AIM OF THE EXERCISE:
Word for word, write out all the entries below, omitting every picture.

Records from a dataset:
-----

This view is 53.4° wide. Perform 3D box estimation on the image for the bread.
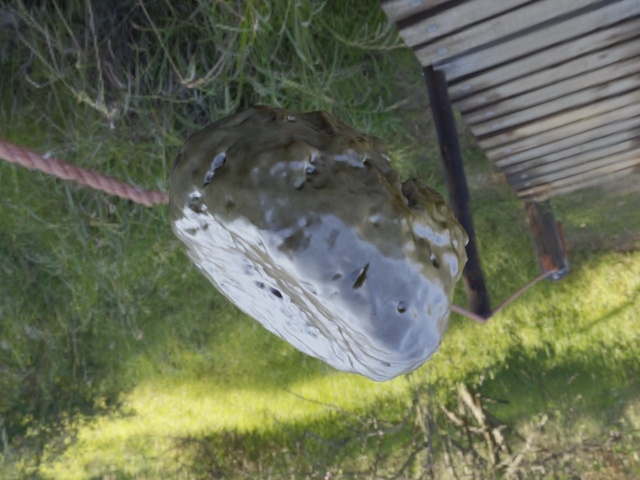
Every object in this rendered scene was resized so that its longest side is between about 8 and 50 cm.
[{"bbox_3d":[0.000,0.000,0.461,0.230,0.123,0.230,32,156,16],"label":"bread"}]
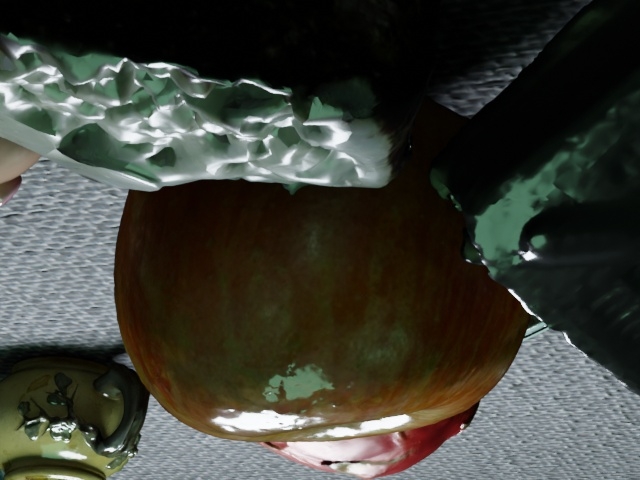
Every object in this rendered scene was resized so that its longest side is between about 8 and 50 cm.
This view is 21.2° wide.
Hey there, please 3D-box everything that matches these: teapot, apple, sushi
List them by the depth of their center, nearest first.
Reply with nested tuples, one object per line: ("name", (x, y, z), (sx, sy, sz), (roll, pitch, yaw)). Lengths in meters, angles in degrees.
("sushi", (-0.100, -0.141, 0.932), (0.348, 0.207, 0.234), (11, 168, -7))
("apple", (0.000, 0.000, 1.161), (0.301, 0.301, 0.301), (2, 158, 1))
("teapot", (-0.276, 0.225, 1.846), (0.173, 0.182, 0.269), (23, 149, -39))

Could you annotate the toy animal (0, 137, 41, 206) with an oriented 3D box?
("toy animal", (-0.288, -0.089, 1.131), (0.248, 0.165, 0.149), (-2, 139, 26))

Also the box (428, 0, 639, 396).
("box", (0.286, -0.046, 1.034), (0.350, 0.091, 0.359), (-41, 130, 17))

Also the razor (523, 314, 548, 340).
("razor", (0.109, -0.005, 1.330), (0.084, 0.036, 0.211), (-30, 107, 37))

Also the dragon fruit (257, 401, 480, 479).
("dragon fruit", (0.025, 0.079, 1.416), (0.241, 0.241, 0.252), (-9, 143, 26))
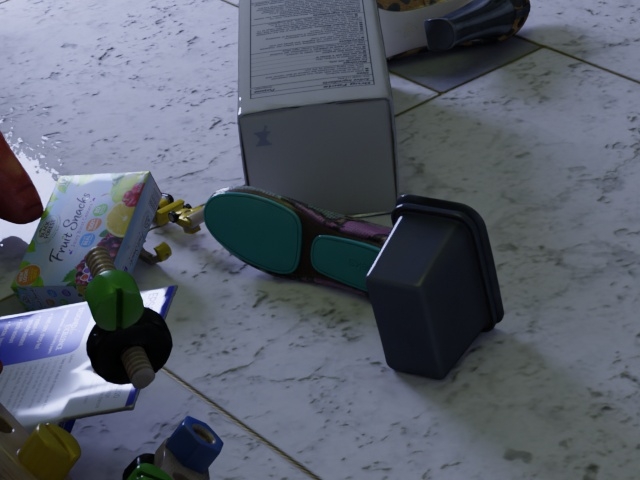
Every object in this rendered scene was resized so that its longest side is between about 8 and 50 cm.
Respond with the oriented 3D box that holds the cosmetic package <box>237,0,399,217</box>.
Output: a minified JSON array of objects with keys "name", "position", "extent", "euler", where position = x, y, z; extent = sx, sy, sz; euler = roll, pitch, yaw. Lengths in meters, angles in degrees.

-----

SOLVED EXERCISE:
This view is 53.4° wide. Perform 3D box estimation on the image for the bread.
Every object in this rendered scene was resized so that its longest side is between about 8 and 50 cm.
[{"bbox_3d":[0.000,0.000,0.461,0.230,0.123,0.230,32,156,16],"label":"bread"}]
Every object in this rendered scene was resized so that its longest side is between about 8 and 50 cm.
This view is 21.2° wide.
Hey there, please 3D-box everything that matches these: teapot, apple, sushi
List them by the depth of their center, nearest first.
Reply with nested tuples, one object per line: ("name", (x, y, z), (sx, sy, sz), (roll, pitch, yaw)). Lengths in meters, angles in degrees.
("sushi", (-0.100, -0.141, 0.932), (0.348, 0.207, 0.234), (11, 168, -7))
("apple", (0.000, 0.000, 1.161), (0.301, 0.301, 0.301), (2, 158, 1))
("teapot", (-0.276, 0.225, 1.846), (0.173, 0.182, 0.269), (23, 149, -39))

Could you annotate the toy animal (0, 137, 41, 206) with an oriented 3D box?
("toy animal", (-0.288, -0.089, 1.131), (0.248, 0.165, 0.149), (-2, 139, 26))

Also the box (428, 0, 639, 396).
("box", (0.286, -0.046, 1.034), (0.350, 0.091, 0.359), (-41, 130, 17))

Also the razor (523, 314, 548, 340).
("razor", (0.109, -0.005, 1.330), (0.084, 0.036, 0.211), (-30, 107, 37))

Also the dragon fruit (257, 401, 480, 479).
("dragon fruit", (0.025, 0.079, 1.416), (0.241, 0.241, 0.252), (-9, 143, 26))
Every object in this rendered scene was resized so that its longest side is between about 8 and 50 cm.
Respond with the oriented 3D box that holds the cosmetic package <box>237,0,399,217</box>.
Output: a minified JSON array of objects with keys "name", "position", "extent", "euler", where position = x, y, z; extent = sx, sy, sz; euler = roll, pitch, yaw. Lengths in meters, angles in degrees.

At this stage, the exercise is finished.